When CBS News brought the findings to Davies at the State Capitol, she acknowledged the gap. "It's a great question," she said when asked whether the law still protected people if there was no way to verify that the background-checked person was actually making the delivery. Davies indicated she was already exploring solutions: stronger safeguards, tougher penalties for people who rented, sold, or shared accounts, and involvement from law enforcement to determine what legal tools might work. "We've got to close that loophole," she said.
The problem extended beyond DoorDash. CBS News also found Uber and Lyft accounts being rented on social media platforms. When the networks reached out to the companies, all three said they removed account holders caught engaging in fraud. Meta, which owns Facebook and Instagram, said it had reviewed the accounts identified during the investigation and removed those violating its fraud policies. But the fact that such accounts were advertised openly, and apparently easily accessible, suggested the enforcement was reactive rather than preventive.

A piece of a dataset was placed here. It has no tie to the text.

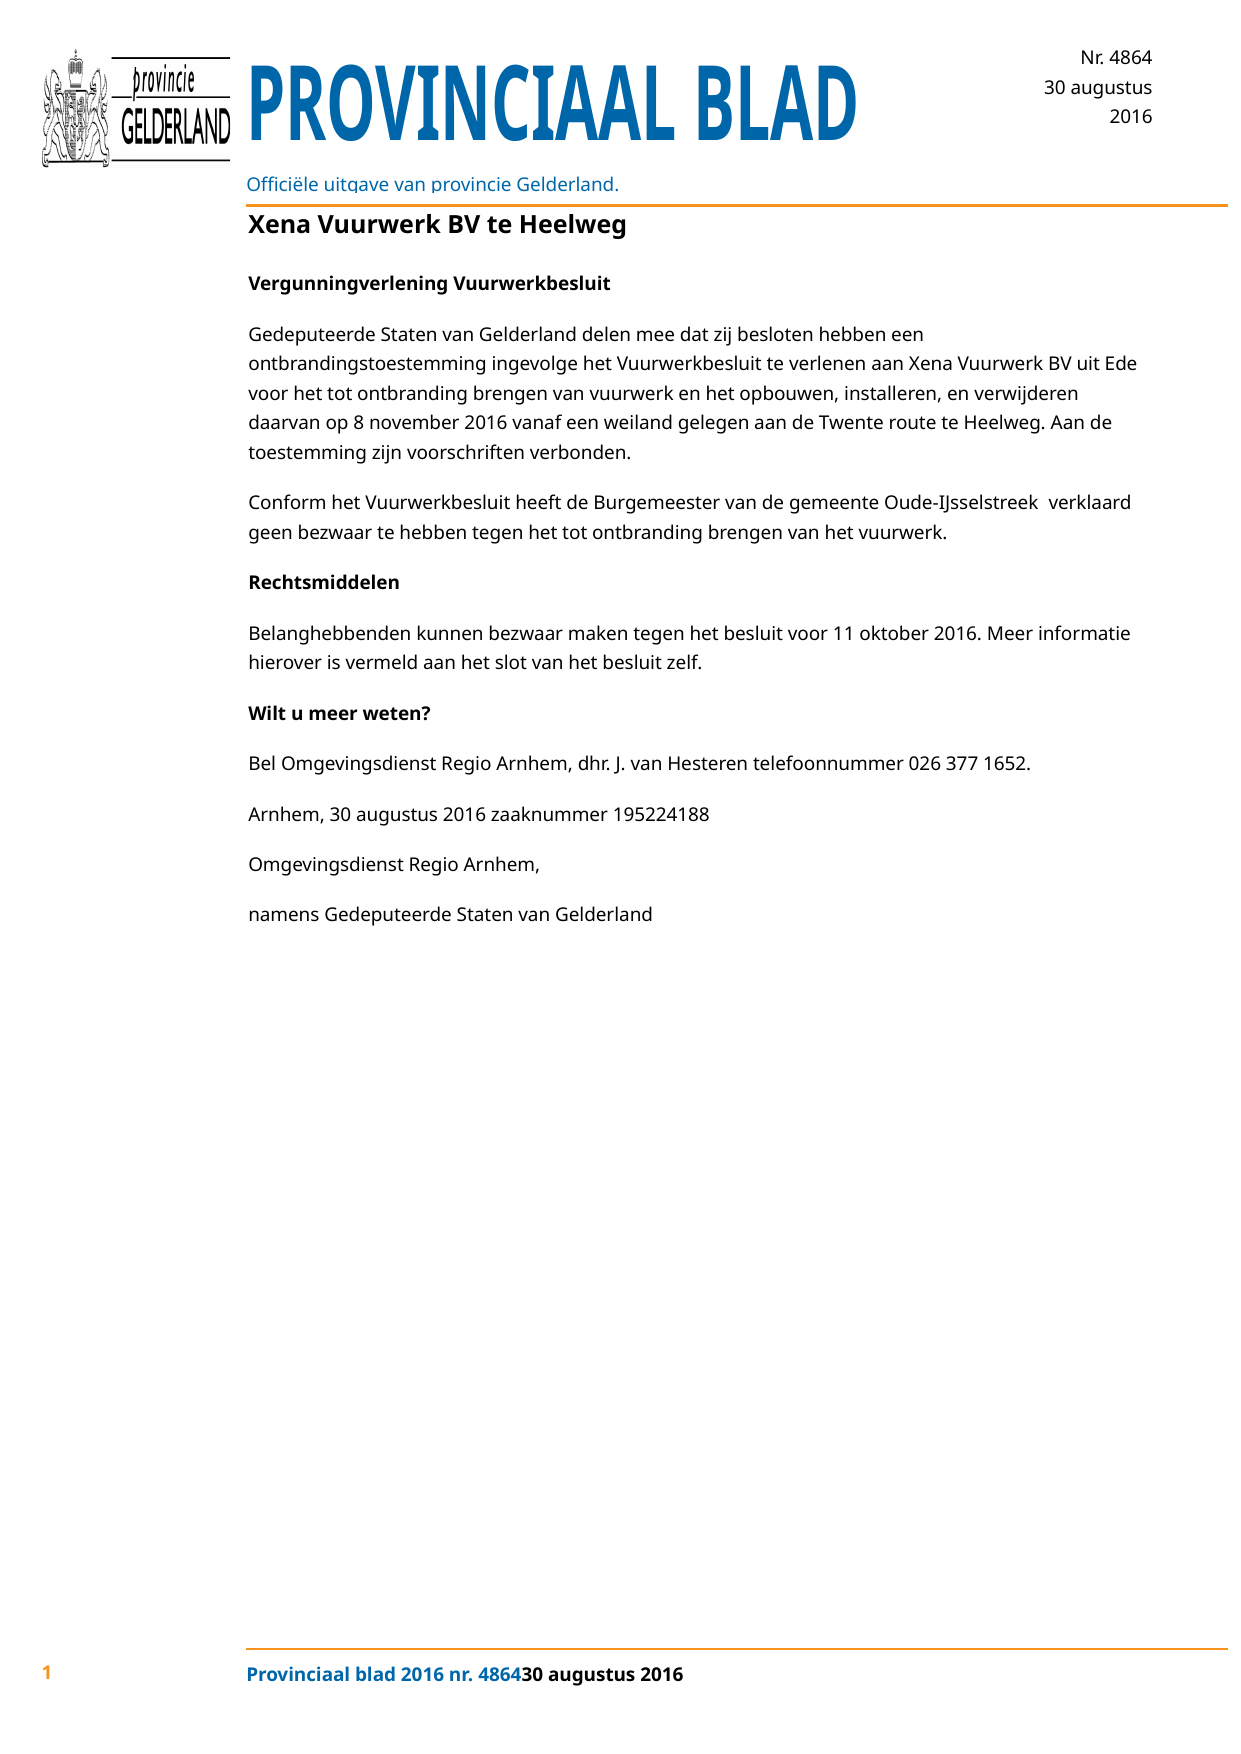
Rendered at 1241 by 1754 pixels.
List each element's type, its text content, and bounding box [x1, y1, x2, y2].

For Bledsoe, the response couldn't come fast enough. He posed a question that captured the stakes: "What would happen if it had been a young lady by herself?" The answer was that she would have had no way to know, in the moment, that the person at her door had never been properly screened. The photo in the app would have been useless. The law that was supposed to protect her would have failed. As lawmakers began drafting stronger measures, the gap between what customers thought they were getting and what was actually happening remained open.
Notable Quotes
I feared for my life— Charles Bledsoe, describing a delivery driver who attempted to force his way inside
We've got to close that loophole— Assemblywoman Laurie Davies, on the account-sharing vulnerability
The Hearth Conversation Another angle on the story
Why does this loophole exist in the first place? Didn't the platforms build in any verification?
They did—but they only verify the person who creates the account. Once that account exists, nothing stops someone else from using it. The platforms rely on the account holder to keep their login private, which is a weak assumption when people are actively selling access on Facebook.
So the law that required photos—it was supposed to solve this?
It was supposed to help. If you can see a photo of your driver, you can at least decide whether to open the door. But that only works if the person in the photo is actually the one coming to deliver. When one in four drivers don't match, the photo becomes a false sense of security.
What's stopping someone from just using a fake account right now?
Nothing, really. You can buy or rent an account that's already been background-checked. No license required. You're essentially borrowing someone else's vetting.
And the companies say they remove people caught doing this. So why is it still happening?
Because they're catching people after the fact, not before. By the time an account is flagged and removed, dozens of deliveries may have already happened. The enforcement is too slow.
What would actually stop it?
You'd need real-time verification—maybe a photo match at the time of delivery, or a requirement to re-verify periodically. But that costs money and slows down the system. Right now, speed is more important to the platforms than certainty.
Is there any chance this gets fixed?
The assemblywoman is pushing for it, and the incident with Bledsoe shows why it matters. But it requires coordination between platforms, lawmakers, and law enforcement. That's slow. Meanwhile, the loophole stays open.